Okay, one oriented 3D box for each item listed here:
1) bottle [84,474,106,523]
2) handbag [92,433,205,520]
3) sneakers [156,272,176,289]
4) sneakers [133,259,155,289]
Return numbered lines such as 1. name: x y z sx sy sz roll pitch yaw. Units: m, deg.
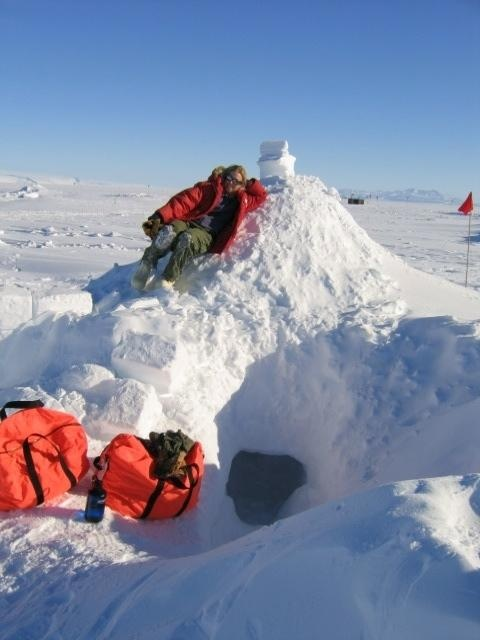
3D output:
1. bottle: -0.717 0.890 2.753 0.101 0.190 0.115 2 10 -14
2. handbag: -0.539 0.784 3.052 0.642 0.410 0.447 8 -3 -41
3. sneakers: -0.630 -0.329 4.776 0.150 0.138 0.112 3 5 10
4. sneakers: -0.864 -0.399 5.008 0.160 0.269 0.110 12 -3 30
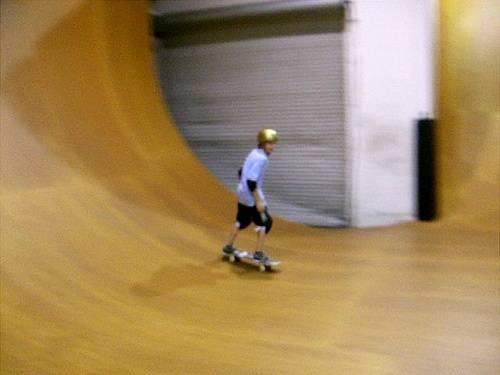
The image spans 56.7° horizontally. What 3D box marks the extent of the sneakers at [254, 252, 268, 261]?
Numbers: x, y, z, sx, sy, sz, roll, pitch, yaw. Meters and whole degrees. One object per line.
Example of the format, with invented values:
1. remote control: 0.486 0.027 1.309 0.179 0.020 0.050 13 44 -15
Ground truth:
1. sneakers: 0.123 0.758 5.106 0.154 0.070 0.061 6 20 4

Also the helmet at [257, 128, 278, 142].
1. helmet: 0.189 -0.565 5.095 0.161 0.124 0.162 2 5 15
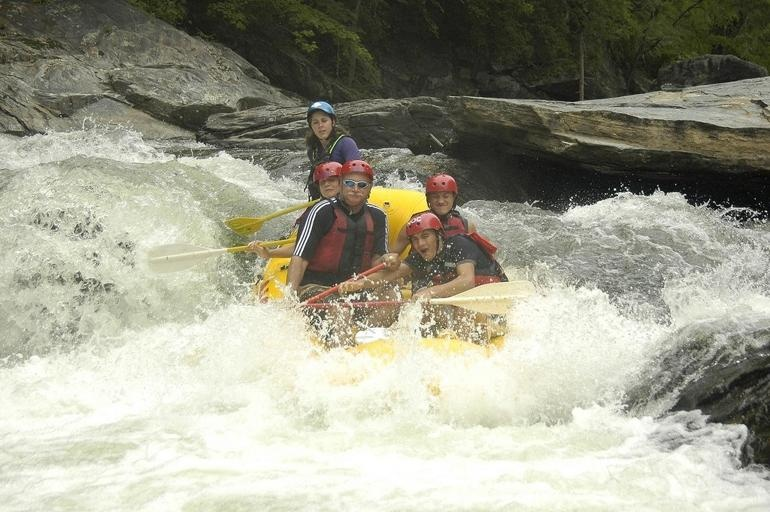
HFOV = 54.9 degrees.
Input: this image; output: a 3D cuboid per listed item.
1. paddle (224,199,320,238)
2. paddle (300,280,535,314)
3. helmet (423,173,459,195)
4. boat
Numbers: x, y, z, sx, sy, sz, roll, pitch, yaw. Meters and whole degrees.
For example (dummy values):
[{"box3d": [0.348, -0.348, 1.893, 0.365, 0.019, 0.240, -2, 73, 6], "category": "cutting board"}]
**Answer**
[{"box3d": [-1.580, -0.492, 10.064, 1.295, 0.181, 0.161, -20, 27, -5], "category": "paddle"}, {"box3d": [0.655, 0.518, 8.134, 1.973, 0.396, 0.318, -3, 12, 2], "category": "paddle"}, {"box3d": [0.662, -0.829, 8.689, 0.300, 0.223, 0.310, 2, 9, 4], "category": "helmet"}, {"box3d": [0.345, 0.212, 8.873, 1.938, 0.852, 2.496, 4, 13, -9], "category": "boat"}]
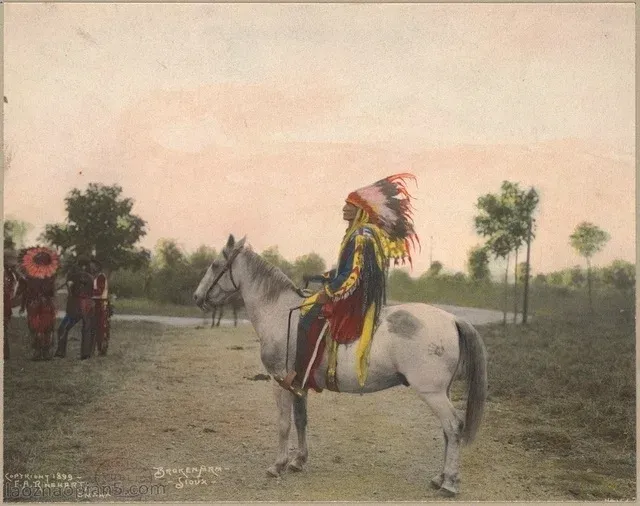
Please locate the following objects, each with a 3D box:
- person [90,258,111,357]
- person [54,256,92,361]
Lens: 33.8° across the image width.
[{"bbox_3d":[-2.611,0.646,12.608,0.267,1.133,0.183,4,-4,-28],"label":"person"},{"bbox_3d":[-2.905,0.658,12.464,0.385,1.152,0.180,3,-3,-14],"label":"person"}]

▬▬▬▬▬▬▬▬▬▬

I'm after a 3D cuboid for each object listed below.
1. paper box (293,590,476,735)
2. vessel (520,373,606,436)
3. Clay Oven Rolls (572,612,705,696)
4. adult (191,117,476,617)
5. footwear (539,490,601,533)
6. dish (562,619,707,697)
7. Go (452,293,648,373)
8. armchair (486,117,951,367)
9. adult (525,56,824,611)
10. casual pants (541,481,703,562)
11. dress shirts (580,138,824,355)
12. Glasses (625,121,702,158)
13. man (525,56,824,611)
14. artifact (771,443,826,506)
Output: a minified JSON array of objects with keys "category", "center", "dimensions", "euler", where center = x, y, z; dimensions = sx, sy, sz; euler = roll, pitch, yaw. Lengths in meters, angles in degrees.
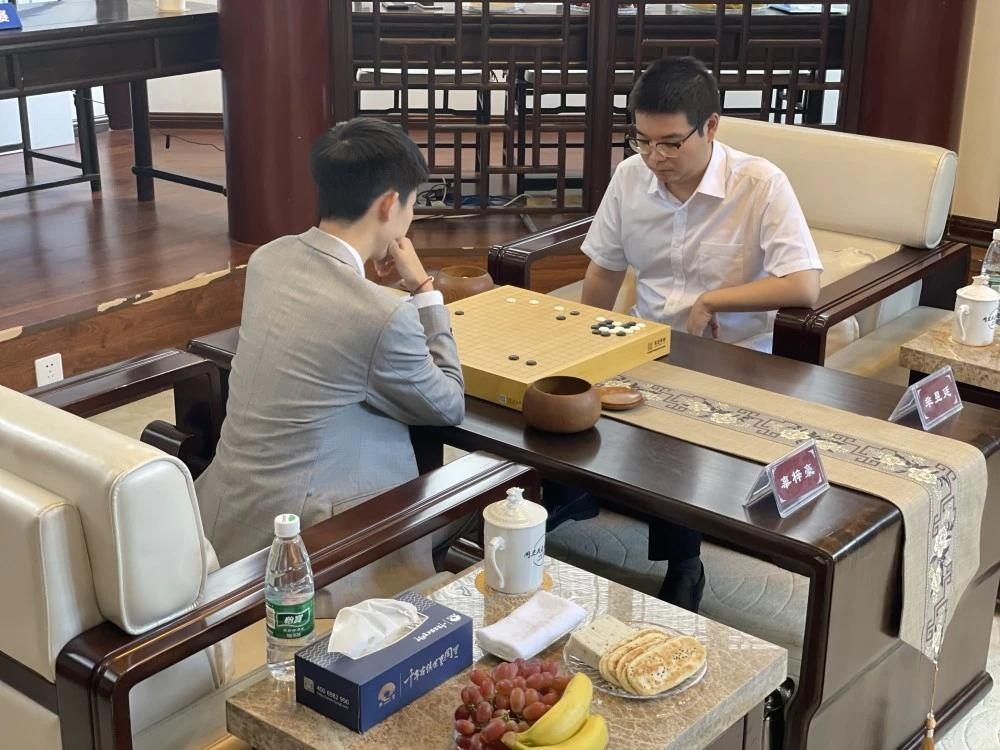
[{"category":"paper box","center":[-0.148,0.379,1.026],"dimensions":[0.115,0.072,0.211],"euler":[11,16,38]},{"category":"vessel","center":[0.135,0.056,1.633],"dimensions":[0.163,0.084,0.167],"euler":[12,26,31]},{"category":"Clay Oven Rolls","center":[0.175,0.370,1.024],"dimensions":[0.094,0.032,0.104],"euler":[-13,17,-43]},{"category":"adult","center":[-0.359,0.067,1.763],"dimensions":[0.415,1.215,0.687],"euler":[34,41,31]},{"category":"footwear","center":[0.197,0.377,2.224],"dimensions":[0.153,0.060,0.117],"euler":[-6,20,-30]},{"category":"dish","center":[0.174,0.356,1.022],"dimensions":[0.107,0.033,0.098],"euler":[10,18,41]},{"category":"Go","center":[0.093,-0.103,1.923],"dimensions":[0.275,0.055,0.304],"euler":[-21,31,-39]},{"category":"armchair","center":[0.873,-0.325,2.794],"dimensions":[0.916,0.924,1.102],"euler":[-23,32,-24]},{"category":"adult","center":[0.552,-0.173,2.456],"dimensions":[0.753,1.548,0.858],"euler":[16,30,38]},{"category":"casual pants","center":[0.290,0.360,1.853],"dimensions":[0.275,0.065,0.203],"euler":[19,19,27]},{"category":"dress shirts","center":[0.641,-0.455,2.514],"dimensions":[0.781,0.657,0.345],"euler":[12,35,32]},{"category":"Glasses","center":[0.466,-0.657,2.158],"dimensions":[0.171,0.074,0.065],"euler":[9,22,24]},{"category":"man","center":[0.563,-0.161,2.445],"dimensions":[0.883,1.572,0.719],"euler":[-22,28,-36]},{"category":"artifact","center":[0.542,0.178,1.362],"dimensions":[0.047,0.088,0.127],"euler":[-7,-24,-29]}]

▬▬▬▬▬▬▬▬▬▬

▶ [ACTION ITEM]:
Look above for the line holding "7. Go (452,293,648,373)", then set down exactly that line and every line after it up to and including the line holding "14. artifact (771,443,826,506)", with nothing else.

▶ [EXERCISE ANSWER]:
7. Go (452,293,648,373)
8. armchair (486,117,951,367)
9. adult (525,56,824,611)
10. casual pants (541,481,703,562)
11. dress shirts (580,138,824,355)
12. Glasses (625,121,702,158)
13. man (525,56,824,611)
14. artifact (771,443,826,506)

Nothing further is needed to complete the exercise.